The statement that appears on the NUJ site warning about the Demotix ‘press pass’ is unfortunately a very poor piece of journalism, getting too many of the facts wrong, particularly in the headlines. Demotix isn’t “selling” its ‘press passes’ and it isn’t an “amateur journalists’ website”. As Demotix CEO Turi Munthe stated to Journalism.co.uk,”The vast majority of Demotix’ regular contributors are pro or semi-pro photojournalists around the world, whose work has appeared in every major news outlet in the UK.”

It’s important also to remember that although the NUJ piece treats it as if it was entirely a UK matter, Demotix has photographers around the world in 190 countries sending it stories, including some that have no proper press card scheme.

I haven’t got a Demotix card but if I didn’t have a UK Press Card I would apply to Demotix for one. Before the UK Scheme I worked using cards provided by several bodies both from the UK and one USA company, all of which had my name and photograph, the name of the organisation I was working for, an expiry date and a contact phone number that could be used to check up on me. I cam see no problem with any organisation issuing members with such an identity card so long as they control it properly. It does really simply show that the person holding it is working gathering news for Demotix.

Although the Demotix card has been stated to look rather like the UK Press card, it would be hard for anyone familiar with that to be misled. What perhaps makes it contentious is the large black text PRESS on a yellow background similar to that on a UK Press card, but at around twice the size.
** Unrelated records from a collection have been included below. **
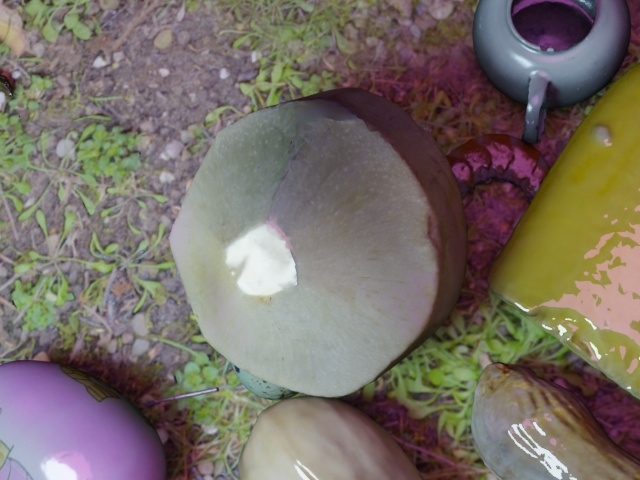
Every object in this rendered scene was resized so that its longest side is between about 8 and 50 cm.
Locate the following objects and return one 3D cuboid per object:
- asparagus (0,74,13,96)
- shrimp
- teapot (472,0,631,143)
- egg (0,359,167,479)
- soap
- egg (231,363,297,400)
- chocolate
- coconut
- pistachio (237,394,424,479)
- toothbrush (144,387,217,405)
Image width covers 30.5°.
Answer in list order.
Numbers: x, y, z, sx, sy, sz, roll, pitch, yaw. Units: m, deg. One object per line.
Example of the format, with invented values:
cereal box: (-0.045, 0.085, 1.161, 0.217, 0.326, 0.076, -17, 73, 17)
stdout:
asparagus: (-0.499, -0.272, 1.634, 0.233, 0.022, 0.023, 41, 44, 16)
shrimp: (0.217, -0.048, 1.465, 0.161, 0.049, 0.166, -30, 84, 1)
teapot: (0.283, -0.261, 1.446, 0.193, 0.129, 0.294, 10, 80, 12)
egg: (-0.311, 0.252, 1.412, 0.271, 0.196, 0.196, 29, 85, 7)
soap: (0.413, -0.035, 1.355, 0.306, 0.115, 0.427, 38, 85, 20)
egg: (-0.064, 0.149, 1.449, 0.110, 0.085, 0.085, 38, 87, 24)
chocolate: (0.284, 0.260, 1.324, 0.134, 0.134, 0.309, -44, 59, -1)
coconut: (0.000, 0.000, 1.333, 0.352, 0.352, 0.352, -2, 79, 9)
pistachio: (0.033, 0.309, 1.351, 0.187, 0.187, 0.299, -44, 80, -1)
toothbrush: (-0.178, 0.199, 1.496, 0.097, 0.008, 0.006, -13, 91, 6)

I’ve not checked recently, but it used to be possible for those who met the Demotix criterion of ‘ten published stories’ on the site to download a free PDF to make into their Demotix card, although there were many requests for Demotix to have them produced professionally and made available at low cost to those who qualify, and that seems now to have been done. This isn’t “selling” them any more than the annual fee I used to pay for my UK Press card from the PPA was.

I’d like Demotix to have greater quality control generally; stories are currently vetted by editors at least until photographers establish themselves as reliable, and most contributions do reach a reasonable standard. Perhaps 10 published stories is setting the bar a little too low, and they should consider only issuing them to photographers who have published at least this number and had at least one making the ‘front page.’
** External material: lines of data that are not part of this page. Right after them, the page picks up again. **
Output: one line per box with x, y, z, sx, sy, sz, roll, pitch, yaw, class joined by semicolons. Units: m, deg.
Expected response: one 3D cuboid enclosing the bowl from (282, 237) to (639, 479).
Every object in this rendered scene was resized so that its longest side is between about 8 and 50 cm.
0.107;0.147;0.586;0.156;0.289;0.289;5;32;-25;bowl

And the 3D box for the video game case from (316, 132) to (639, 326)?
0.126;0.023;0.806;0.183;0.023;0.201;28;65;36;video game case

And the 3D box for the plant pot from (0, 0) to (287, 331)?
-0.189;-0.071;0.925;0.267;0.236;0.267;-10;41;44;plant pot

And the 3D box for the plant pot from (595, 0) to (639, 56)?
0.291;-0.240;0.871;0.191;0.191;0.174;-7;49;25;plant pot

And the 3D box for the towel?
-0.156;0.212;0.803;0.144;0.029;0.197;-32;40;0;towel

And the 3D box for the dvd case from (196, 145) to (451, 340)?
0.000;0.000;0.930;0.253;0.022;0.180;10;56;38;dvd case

But I’m not entirely happy with the UK Press Card scheme either, and not just because some people who never emerge from an office get one. Although at the moment we seem – thanks to a lot of work by the NUJ in particular – to be getting the police who backed it in the first place to recognise it, there are still far too many other places where it isn’t recognised, with people – often I think thorough ignorance of the scheme – demanding their own accreditation. If the scheme were more generally known and accepted and the card recognised there would be considerably less danger of people being confused by a company card such as the Demotix example.

But underlying all of this dispute is the fact that the UK Press Card scheme is based on the status quo of 1992 in an industry that has changed considerably in those 18 years.  The scheme and the NUJ too has failed in some respects to keep up with this changing nature and in particular the huge change from staff to freelance work. Many freelances have to combine various skills – and not all necessarily in journalism – to earn a living. The union should be much more actively promoting professionalism in journalistic work not just in the traditional media but also in blogging and various other on-line manifestations of the new journalism which include companies like Demotix.

We perhaps too need to concentrate more on audience than on earnings when assessing who should qualify for a press pass. Last October my page views for all my web sites for the month were over 250,000 for the first time and are now consistently around that level, and this site reached the 100,000 mark in June and is still increasing. Thanks to all of you for reading this  but this site currently makes me no income. To me it’s still journalism, just the same as when I was writing and photographing and getting paid for it (and fortunately elsewhere this just occasionally still happens.)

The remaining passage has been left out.